Сначала мы оба молча смотрели друг на друга.
Первым опомнился он.
- Уф… А я уже думал, что убился, - улыбнулся он совершенно искренней улыбкой.
- Ага, а я Страж Судьбы, встречающий тебя у Пределов, - буркнул я.
- Что эт ты делал там, на дереве?
- От тебя прятался – засмеялся он. - Я услышал, что кто-то идет, залез на дерево, а тут эта ветка – хрясь! И я падаю прямо тебе на голову.
- Да уж, моей голове только тебя не хватало, - я наконец опустил сорванца на землю и отряхнул с башки обломки коры.
Не зная, о чем говорить еще, я просто пошел дальше.
Немного постояв в нерешительности, мальчик решил меня догнать.
- А почему ты не спрашиваешь, что я делаю тут, в лесу? – спросил он.
- А какое мне дело?
- Тебе и вправду все равно? – удивился он.
- Все равно. До тех пор, пока ты мне не мешаешь, - ответил я, не сбавляя шагу.
- А куда ты идешь?
- А вот эт уже не твое дело. Топай своей дорогой, а я своей.
Парень сначала было остановился, но потом все равно побежал за мной.
- А вдруг нам по пути?
- А с чего ты решил, что мне нужен попутчик?
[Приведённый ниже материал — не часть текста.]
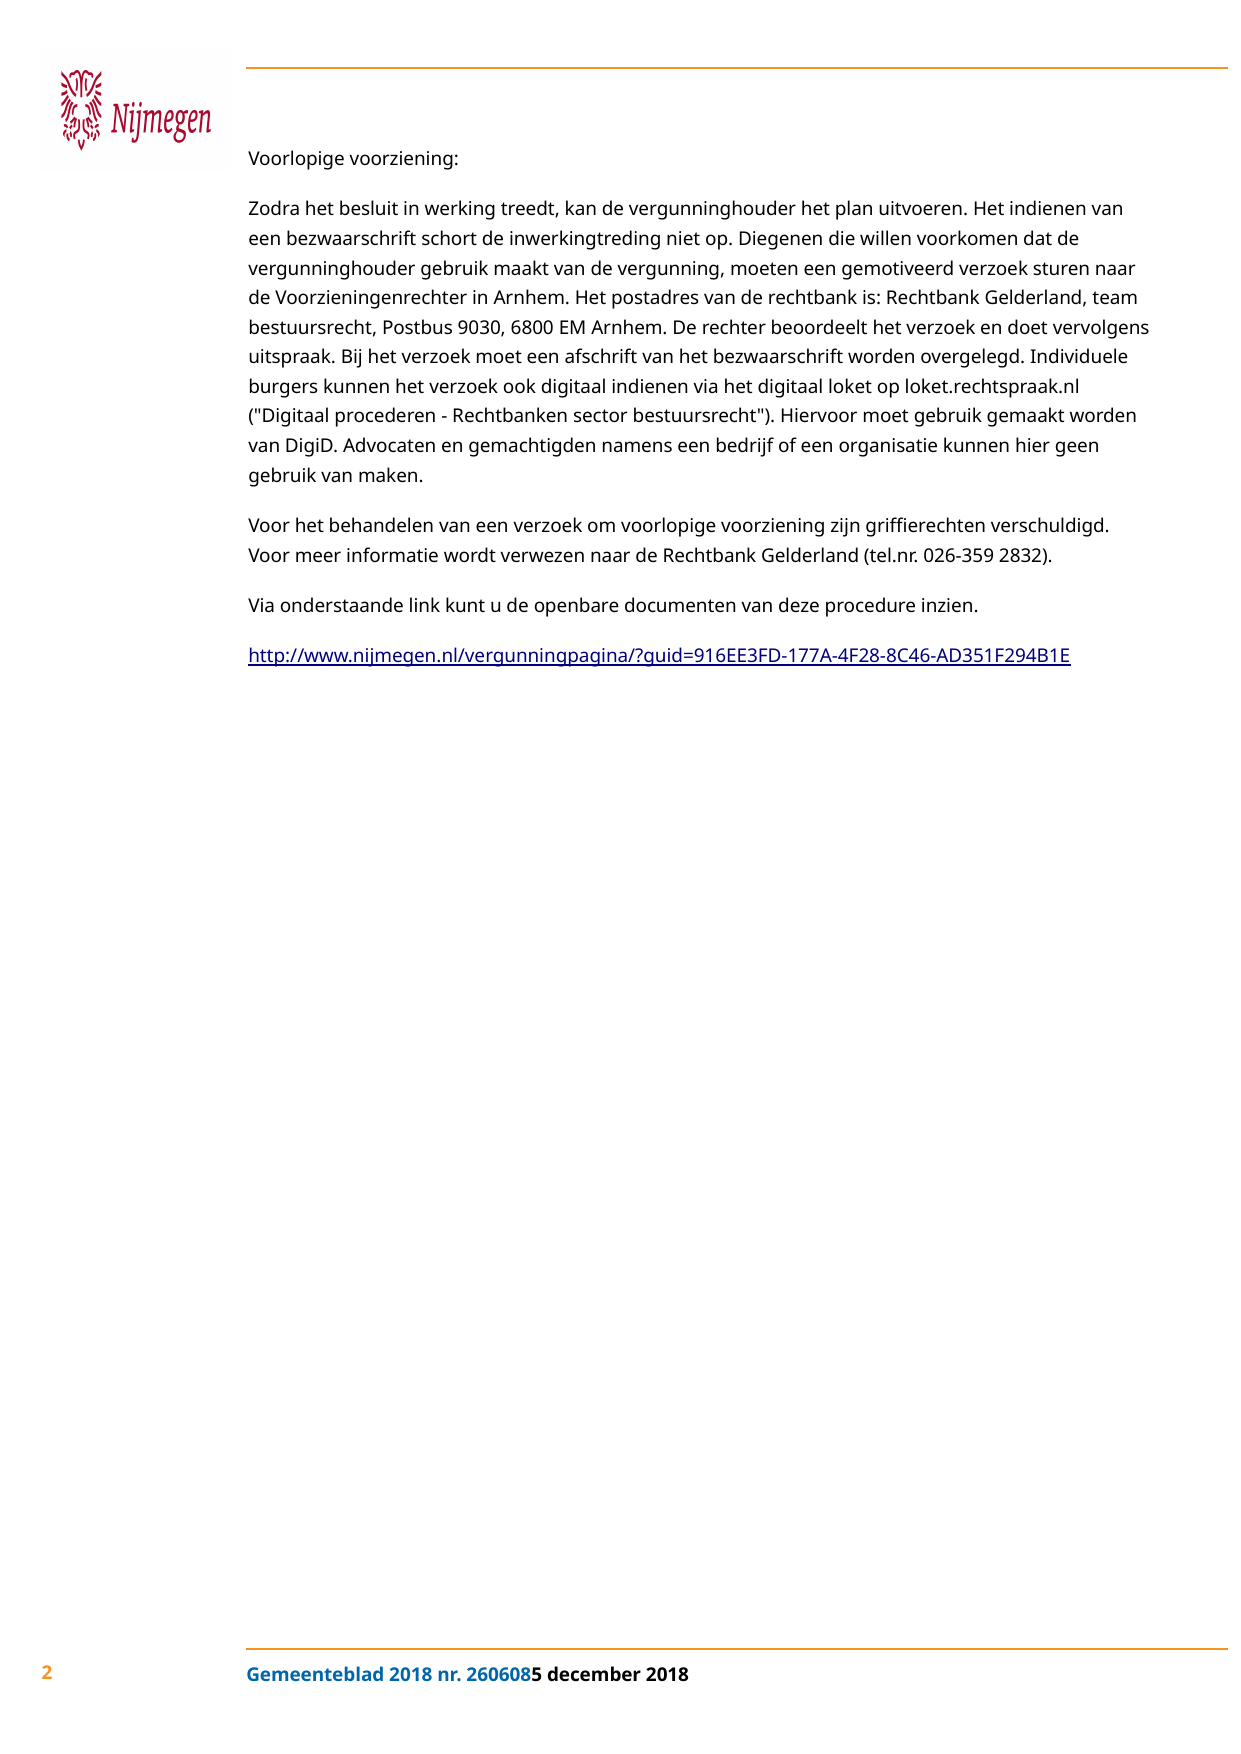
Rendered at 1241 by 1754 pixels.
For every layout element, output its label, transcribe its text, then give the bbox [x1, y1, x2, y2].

text Voorlopige voorziening: [248, 145, 1152, 171]
picture [41, 47, 231, 172]
text Voor het behandelen van een verzoek om voorlopige voorziening zijn griffierechten verschuldigd. Voor meer informatie wordt verwezen naar de Rechtbank Gelderland (tel.nr. 026-359 2832). [248, 512, 1152, 568]
text http://www.nijmegen.nl/vergunningpagina/?guid=916EE3FD-177A-4F28-8C46-AD351F294B1E [248, 643, 1152, 668]
text Via onderstaande link kunt u de openbare documenten van deze procedure inzien. [248, 592, 1152, 618]
text Zodra het besluit in werking treedt, kan de vergunninghouder het plan uitvoeren. Het indienen van een bezwaarschrift schort de inwerkingtreding niet op. Diegenen die willen voorkomen dat de vergunninghouder gebruik maakt van de vergunning, moeten een gemotiveerd verzoek sturen naar de Voorzieningenrechter in Arnhem. Het postadres van de rechtbank is: Rechtbank Gelderland, team bestuursrecht, Postbus 9030, 6800 EM Arnhem. De rechter beoordeelt het verzoek en doet vervolgens uitspraak. Bij het verzoek moet een afschrift van het bezwaarschrift worden overgelegd. Individuele burgers kunnen het verzoek ook digitaal indienen via het digitaal loket op loket.rechtspraak.nl ("Digitaal procederen - Rechtbanken sector bestuursrecht"). Hiervoor moet gebruik gemaakt worden van DigiD. Advocaten en gemachtigden namens een bedrijf of een organisatie kunnen hier geen gebruik van maken. [248, 196, 1152, 488]

«Попутчик нужен ему, тупая башка», - включился внутренний голос, но я догадался об этом и без него. И вправду, что делает ребенок один, в лесу вечером? Ближайшая отсюда деревня – та, откуда пришел я, и этот мальчишка точно не оттуда. Ну, или раньше я его просто не видел.
- Мне вообще-то в Семиглавец нужно. А тебе куда?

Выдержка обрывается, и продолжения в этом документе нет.